Le goût de fumer !

Sophie I. Gagnon, GRAFFICI, Gaspésie, mars 2014

À contresens de la campagne antitabac propagée dans les médias ces jours-ci, j’ai décidé de me rebeller et d’apprendre à fumer… N’ayez crainte, car mes poumons resteront roses comme la chair saumonée que je m’apprête à manipuler.

Un sympathique garçon me servira de guide. Jordan est le fils de Jerry Legouffe, un ancien guide de pêche de la rivière Cascapédia qui produit des trophées à nageoires fumées de père en fils depuis cinq générations. J’espère ne pas gâcher la réputation de la famille qui a su perpétuer une recette ancestrale ayant fait la renommée du Fumoir Cascapédia depuis 1999.

J’entre dans le bâtiment où des odeurs agréables mais indescriptibles se mélangent. Les lieux sont d’un blanc aseptisé qui gêne d’abord mes ardeurs de Miss fumeuse 2014. L’atmosphère s’empreint vite de mon excitation à entamer les étapes de cette séance de sorcellerie culinaire. Jordan me pointe des bacs, une sorte de petits spas où gisent des filets de saumon qui ressemblent à des vedettes en retraite fermée chouchoutées à coup de sucreries et d’alcool. Il faut savoir que ces bains magiques sont remplis d’une saumure constituée d’eau, de sel, de cassonade et de quelques onces de brandy enivrant à point le salmonidé durant quelques heures. Si certains cachent une petite flasque au bureau, ici la bouteille est obligatoire pour garantir un travail bien fait !

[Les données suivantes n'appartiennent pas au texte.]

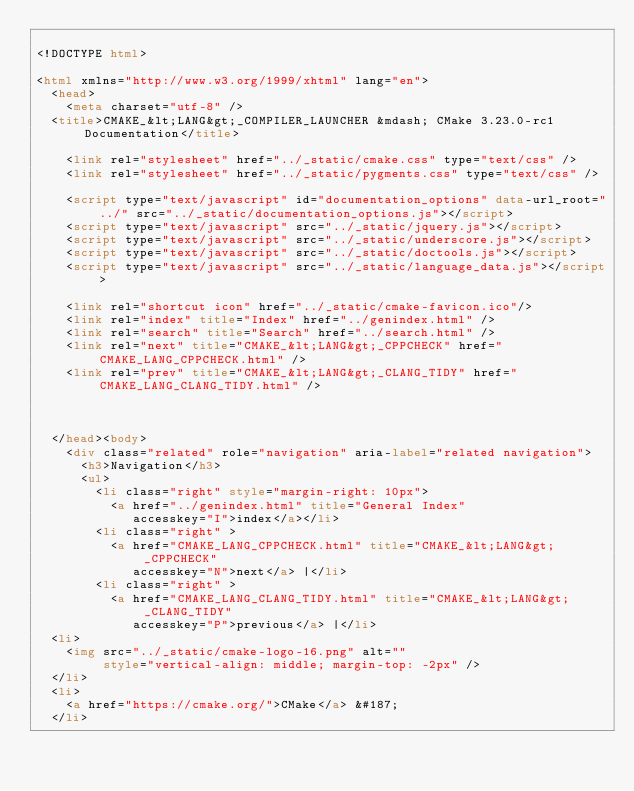<code> <loc_0><loc_0><loc_500><loc_500><_HTML_>
<!DOCTYPE html>

<html xmlns="http://www.w3.org/1999/xhtml" lang="en">
  <head>
    <meta charset="utf-8" />
  <title>CMAKE_&lt;LANG&gt;_COMPILER_LAUNCHER &mdash; CMake 3.23.0-rc1 Documentation</title>

    <link rel="stylesheet" href="../_static/cmake.css" type="text/css" />
    <link rel="stylesheet" href="../_static/pygments.css" type="text/css" />
    
    <script type="text/javascript" id="documentation_options" data-url_root="../" src="../_static/documentation_options.js"></script>
    <script type="text/javascript" src="../_static/jquery.js"></script>
    <script type="text/javascript" src="../_static/underscore.js"></script>
    <script type="text/javascript" src="../_static/doctools.js"></script>
    <script type="text/javascript" src="../_static/language_data.js"></script>
    
    <link rel="shortcut icon" href="../_static/cmake-favicon.ico"/>
    <link rel="index" title="Index" href="../genindex.html" />
    <link rel="search" title="Search" href="../search.html" />
    <link rel="next" title="CMAKE_&lt;LANG&gt;_CPPCHECK" href="CMAKE_LANG_CPPCHECK.html" />
    <link rel="prev" title="CMAKE_&lt;LANG&gt;_CLANG_TIDY" href="CMAKE_LANG_CLANG_TIDY.html" />
  
 

  </head><body>
    <div class="related" role="navigation" aria-label="related navigation">
      <h3>Navigation</h3>
      <ul>
        <li class="right" style="margin-right: 10px">
          <a href="../genindex.html" title="General Index"
             accesskey="I">index</a></li>
        <li class="right" >
          <a href="CMAKE_LANG_CPPCHECK.html" title="CMAKE_&lt;LANG&gt;_CPPCHECK"
             accesskey="N">next</a> |</li>
        <li class="right" >
          <a href="CMAKE_LANG_CLANG_TIDY.html" title="CMAKE_&lt;LANG&gt;_CLANG_TIDY"
             accesskey="P">previous</a> |</li>
  <li>
    <img src="../_static/cmake-logo-16.png" alt=""
         style="vertical-align: middle; margin-top: -2px" />
  </li>
  <li>
    <a href="https://cmake.org/">CMake</a> &#187;
  </li></code>

Dans une salle adjacente et à l’abri des paparazzis, les filets relaxeront ensuite sur de grands lits grillagés. Ils s’étendront ainsi durant toute une journée pour évacuer le surplus d’humidité ou de petites boules de stress accumulé. Ah ! la vie d’artiste ! À l’extérieur, un mystérieux cabanon cache la clef de tout ce processus. Jordan m’invite à descendre une échelle dans un genre de cachot et voilà qu’il faut que je nourrisse le grand sorcier à l’origine de la transformation ultime du saumon : un poêle à bois. À coup de deux chaudières de bran de scie d’érable par jour, les braises dégageront une fumée sucrée qui parcourra un tuyau sous terre, ce qui la refroidira. Tel un fantôme, elle réapparaîtra dans la « boucanerie» afin d’enrober le filet de son parfum. Ce sauna enfumé à froid préserve une relative humidité du poisson, à l’opposé de la viande de saucisson, par exemple, qu’on voudra plus sec avec une fumée chaude. Les filets rêveront de cabanes à sucre dans ce voyage brumeux qui durera environ deux jours. À la mi-temps, on les retournera pour éviter qu’ils ne se fassent des plaies de lit et pour égaliser l’absorption « boucanière ».

L’oeil averti des propriétaires saura détecter si la couleur du saumon correspond au type de fumaison désiré pour chaque type de pêcheur de saveurs. Un rouge brunâtre satisfera le goûteur de la recette ancestrale qui fumait intensivement le saumon. Autres temps, autres moeurs, les restaurants et clients moins ancrés dans le patrimoine culinaire de Cascapédia préféreront un poisson plus tendre à la dorure rougeâtre.

Un congélateur supersonique viendra clore l’aventure. L’anesthésie frigorifique des filets facilitera la découpe en fines tranches parfaites pour garnir le fameux bagel et son fromage à la crème. Dix mille livres de saumon seront ainsi traitées durant l’année avec la passion de la famille Legouffe. Des clients du Danemark, de New York et d’Allemagne ne jurent que par la robe fumée à la Cascapédia de leurs saumons. Plusieurs célébrités dont l’acteur Paul Newman ont fait des commandes spéciales au fumoir de la rue Gallagher. Notre Jeannette Bertrand en raffole également, le temps d’en parler pour parler autour d’une table ?

J’avoue être tombée dans le fumoir Cascapédia lorsque j’étais petite. Les gros saumons capturés par mon père ont souvent subi cette transformation légendaire. Cette chance a par contre son revers, car l’épicurienne des produits bien de chez nous snobe les canapés couverts de tranches au goût trop « tendance ».